Was genau meinst du mit "Grafikfunktionen"? Sowas wie JOGL wirst du vermutlich schon gefunden haben. Ansonsten kannst du davon ausgehen, dass es nicht vollkommen trivial ist, dafür zu sorgen, dass bei "g.drawOval(...)" auf Windows, Linux und MacOS ein immer gleich aussehendes Oval in einem Fenster erscheint..........


----------



## Waljakov (6. Apr 2009)

Mhh, also JOGL ist ja mehr oder weniger eine Portierung.
Aber was ich meine, ist, wie man etwas zeichnet ohne eine bestehende Grafik-API zu verwenden. Also wenn man selbst eine schreiben wollte (ich will es nicht, aber es interessiert mich), wo müsste man da ansetzen? Ist sowas in Java überhaupt möglich oder müsste man sich da an einer etwas hardwarenäheren Sprache wie C/C++ orientieren?
Oder ist die AWT komplett in Java geschrieben?

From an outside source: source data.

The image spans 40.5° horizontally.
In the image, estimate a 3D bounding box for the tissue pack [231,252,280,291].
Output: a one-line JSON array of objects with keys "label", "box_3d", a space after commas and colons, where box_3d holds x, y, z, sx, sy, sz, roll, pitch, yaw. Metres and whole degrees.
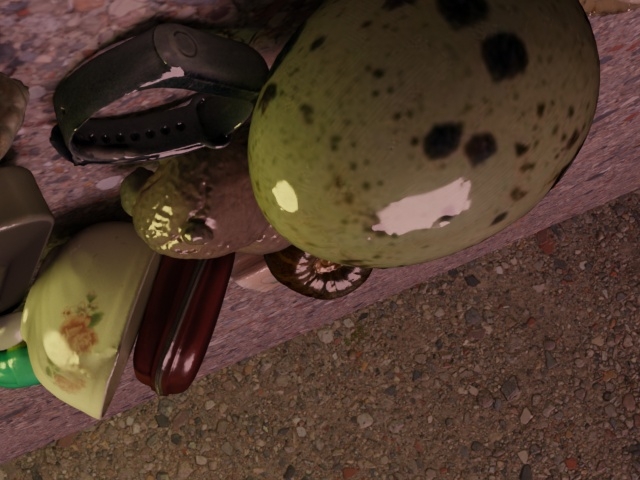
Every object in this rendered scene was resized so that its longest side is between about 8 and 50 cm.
[{"label": "tissue pack", "box_3d": [-0.012, -0.003, 1.679, 0.325, 0.071, 0.170, -29, 164, 13]}]

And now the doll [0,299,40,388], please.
[{"label": "doll", "box_3d": [-0.480, 0.152, 1.315, 0.258, 0.153, 0.195, -11, 177, -23]}]

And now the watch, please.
[{"label": "watch", "box_3d": [-0.158, -0.138, 0.875, 0.193, 0.068, 0.206, -29, 164, 36]}]

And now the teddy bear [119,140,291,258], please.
[{"label": "teddy bear", "box_3d": [-0.112, -0.057, 1.089, 0.236, 0.151, 0.267, -42, 162, 33]}]

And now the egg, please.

Ich suche einfach etwas Literatur darüber.


----------



## Noctarius (6. Apr 2009)

Die Grundlagen (z.B. DirectX Zugriffe) müsstest du kompeltt in C / C++ implementieren und über JNI (Java Native Interface) in Java laden. Dort könntest du dann die ganzen Higher-Level Funktionen ohne direkten Zugriff auf die Hardware einbauen.

Vollständig in Java wäre es nur auf Systemen möglich, welche entweder einen Prozessor haben, der ansich schon Java ausführen kann (einige Embedded Prozessoren) oder wie unter Solaris, wo das Betriebssystem eine entsprechende Schnittstelle zur "Treiber- und hardwarenahen Programmierung" zur Verfügung stellt.


----------



## Waljakov (6. Apr 2009)

Gibt es da eventuell Literatur/Tutorals, etc. zu?


----------



## Noctarius (6. Apr 2009)

Waljakov hat gesagt.:


> Gibt es da eventuell Literatur/Tutorals, etc. zu?



Java Native Interface ? Wikipedia


----------



## Waljakov (7. Apr 2009)

Okay, danke an alle!


----------